- YOUR INSTRUCTIONS -
Transcribe exactly the lines from the first line of the records through the line containing "Answer: Soccer Which", and leave out every picture.

(Collected data)

*** Begin section ***

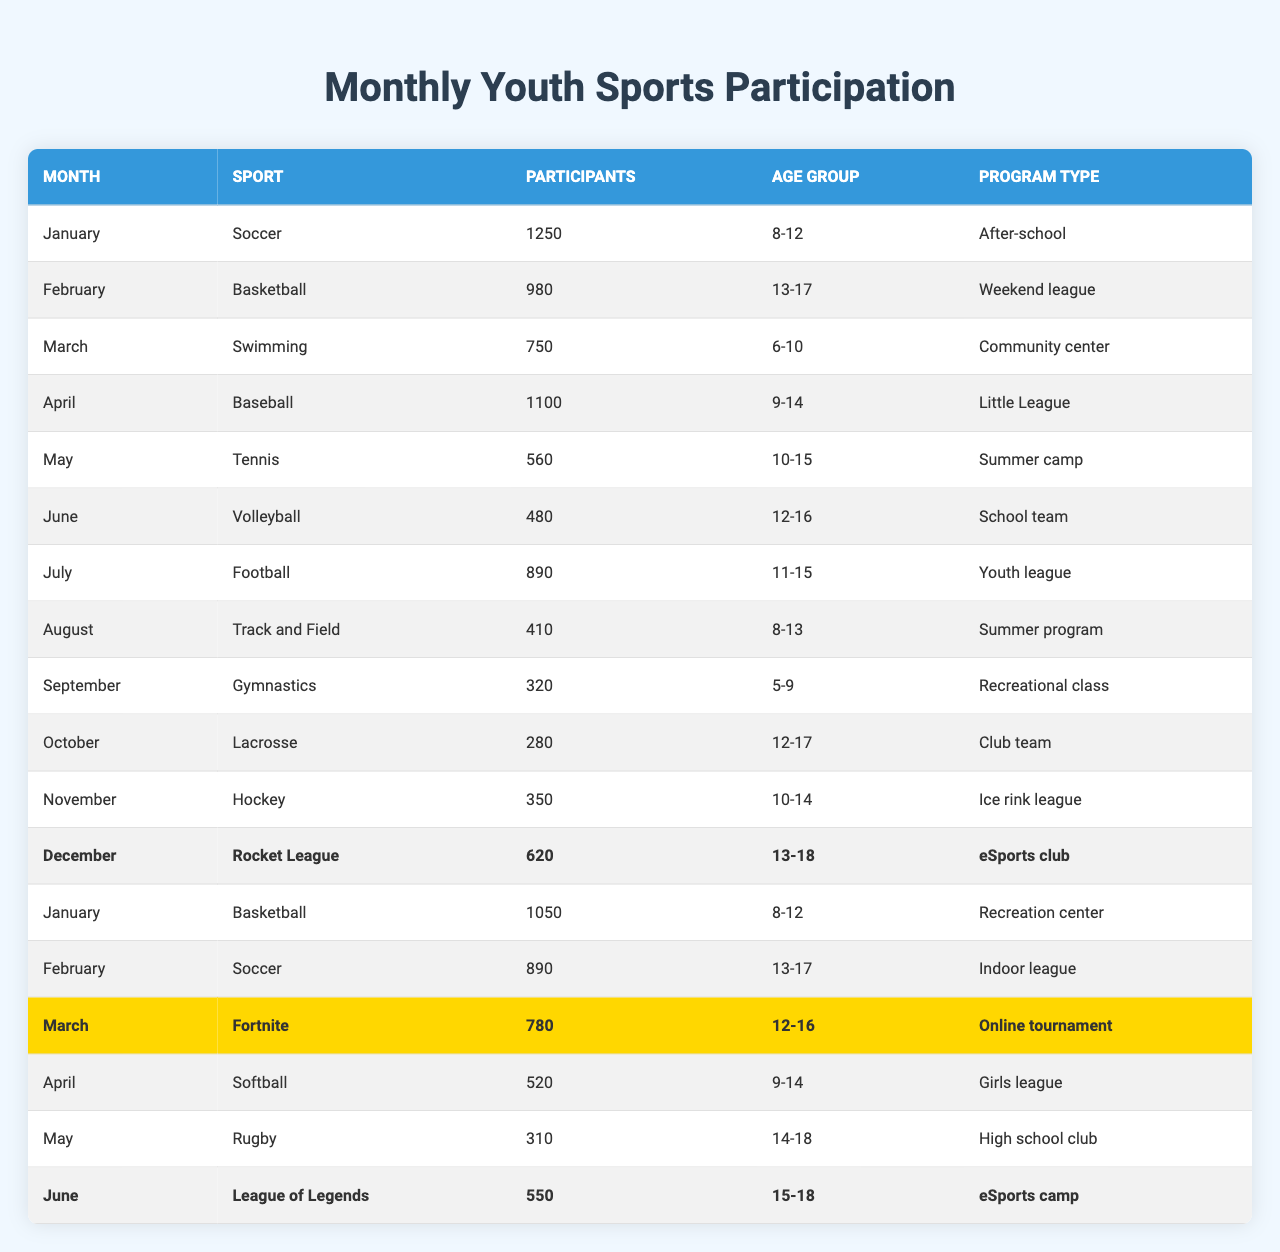What sport had the highest participation in January? In January, soccer had 1250 participants, which is higher than basketball's 1050 participants. Therefore, soccer had the highest participation in January.
Answer: Soccer Which age group participated the most in football activities? The age group 11-15 participated in football activities in July, with 890 participants. This is the only entry for football in the table, so this group had the most participants.
Answer: 11-15 What is the total number of participants who played tennis and rugby over the year? Tennis had 560 participants in May, and rugby had 310 participants in May. The total is 560 + 310 = 870.
Answer: 870 Was the participation in eSports programs, like Rocket League, higher than in traditional sports, like gymnastics? Rocket League had 620 participants in December, while gymnastics had 320 participants in September; thus, participation in Rocket League was indeed higher than gymnastics.
Answer: Yes What was the average number of participants for baseball and softball in April? Baseball had 1100 participants in April, and softball had 520 participants in the same month. The average is calculated as (1100 + 520) / 2 = 810.
Answer: 810 Which month had the least number of participants in any youth sports program? September had the least number of participants, with gymnastics recording only 320 participants. No other month has a lower participation number.
Answer: September If you combine the participants from March for swimming and Fortnite, what is the total? Swimming had 750 participants in March, and Fortnite had 780 participants in March. Adding the two gives 750 + 780 = 1530 total participants for March.
Answer: 1530 What percentage of participants in June were under the age of 16? In June, volleyball (480 participants) was for ages 12-16, and League of Legends (550 participants) was for ages 15-18. Summing them gives 1030 participants, all of whom are under 16. The percentage is (1030/total participants in June)*100, but there are only these two entries in June, so the percentage is 100%.
Answer: 100% In which month did participation in soccer drop compared to the previous month? In February, the participation in soccer was 890, which is lower than the 1250 participants recorded in January, indicating a drop in participation.
Answer: February Which sport had more participants: Lacrosse or hockey? Lacrosse had 280 participants in October, while hockey had 350 participants in November. Therefore, hockey had more participants than Lacrosse.
Answer: Hockey 
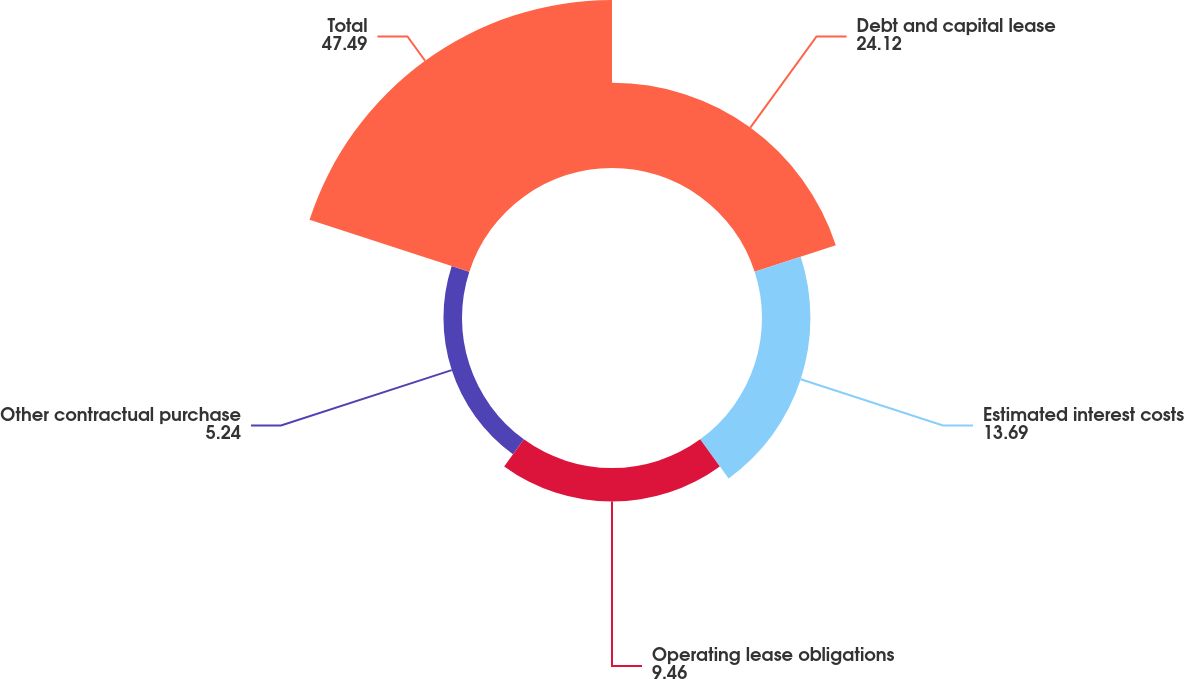Convert chart. <chart><loc_0><loc_0><loc_500><loc_500><pie_chart><fcel>Debt and capital lease<fcel>Estimated interest costs<fcel>Operating lease obligations<fcel>Other contractual purchase<fcel>Total<nl><fcel>24.12%<fcel>13.69%<fcel>9.46%<fcel>5.24%<fcel>47.49%<nl></chart>

*** End section ***

- PROBLEM SOLUTION -
What sport had the highest participation in January? In January, soccer had 1250 participants, which is higher than basketball's 1050 participants. Therefore, soccer had the highest participation in January.
Answer: Soccer Which age group participated the most in football activities? The age group 11-15 participated in football activities in July, with 890 participants. This is the only entry for football in the table, so this group had the most participants.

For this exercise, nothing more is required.